··· DATA FOR ANALYSIS ···
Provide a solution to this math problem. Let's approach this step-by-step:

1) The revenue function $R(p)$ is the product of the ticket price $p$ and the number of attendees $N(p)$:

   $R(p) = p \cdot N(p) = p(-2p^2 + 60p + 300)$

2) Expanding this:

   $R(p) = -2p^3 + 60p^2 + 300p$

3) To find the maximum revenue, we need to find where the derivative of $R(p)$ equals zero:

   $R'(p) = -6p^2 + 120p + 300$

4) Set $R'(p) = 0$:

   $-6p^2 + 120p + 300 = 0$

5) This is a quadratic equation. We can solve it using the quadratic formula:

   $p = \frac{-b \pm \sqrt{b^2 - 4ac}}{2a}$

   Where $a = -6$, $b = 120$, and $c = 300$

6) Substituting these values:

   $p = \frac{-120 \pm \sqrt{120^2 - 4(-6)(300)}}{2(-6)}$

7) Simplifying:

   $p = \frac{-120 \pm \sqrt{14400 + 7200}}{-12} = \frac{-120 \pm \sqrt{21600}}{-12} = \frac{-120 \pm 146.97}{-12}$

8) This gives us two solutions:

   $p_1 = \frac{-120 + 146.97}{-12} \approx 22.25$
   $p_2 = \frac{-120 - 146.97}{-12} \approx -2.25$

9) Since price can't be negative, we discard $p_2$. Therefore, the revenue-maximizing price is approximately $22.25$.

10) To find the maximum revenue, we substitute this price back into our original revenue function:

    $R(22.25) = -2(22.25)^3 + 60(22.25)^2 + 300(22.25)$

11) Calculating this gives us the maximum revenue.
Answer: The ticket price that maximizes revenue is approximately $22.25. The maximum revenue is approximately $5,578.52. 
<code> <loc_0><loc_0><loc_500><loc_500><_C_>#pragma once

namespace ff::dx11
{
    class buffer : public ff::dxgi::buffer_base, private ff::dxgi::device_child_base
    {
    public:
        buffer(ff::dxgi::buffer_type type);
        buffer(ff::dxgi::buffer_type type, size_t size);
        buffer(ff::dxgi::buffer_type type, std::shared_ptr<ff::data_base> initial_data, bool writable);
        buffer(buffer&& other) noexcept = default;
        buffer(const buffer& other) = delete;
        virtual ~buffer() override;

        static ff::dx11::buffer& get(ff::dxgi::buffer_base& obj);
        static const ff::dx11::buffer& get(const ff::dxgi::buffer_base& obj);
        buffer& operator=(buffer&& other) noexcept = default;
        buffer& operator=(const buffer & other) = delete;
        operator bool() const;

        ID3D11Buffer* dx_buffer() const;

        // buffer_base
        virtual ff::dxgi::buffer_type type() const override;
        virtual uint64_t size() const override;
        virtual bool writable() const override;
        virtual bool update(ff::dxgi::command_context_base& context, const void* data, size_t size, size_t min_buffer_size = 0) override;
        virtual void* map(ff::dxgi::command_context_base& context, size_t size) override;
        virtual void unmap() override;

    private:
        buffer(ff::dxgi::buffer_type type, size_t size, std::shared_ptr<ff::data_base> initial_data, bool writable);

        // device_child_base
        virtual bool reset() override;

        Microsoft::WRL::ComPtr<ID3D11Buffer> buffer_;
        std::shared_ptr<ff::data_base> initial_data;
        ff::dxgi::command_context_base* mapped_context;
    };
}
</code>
···
## THE TASK
In the records above, find each line that mentions the string "approximately", then copy it.

## YOUR SOLUTION
9) Since price can't be negative, we discard $p_2$. Therefore, the revenue-maximizing price is approximately $22.25$.
Answer: The ticket price that maximizes revenue is approximately $22.25. The maximum revenue is approximately $5,578.52. 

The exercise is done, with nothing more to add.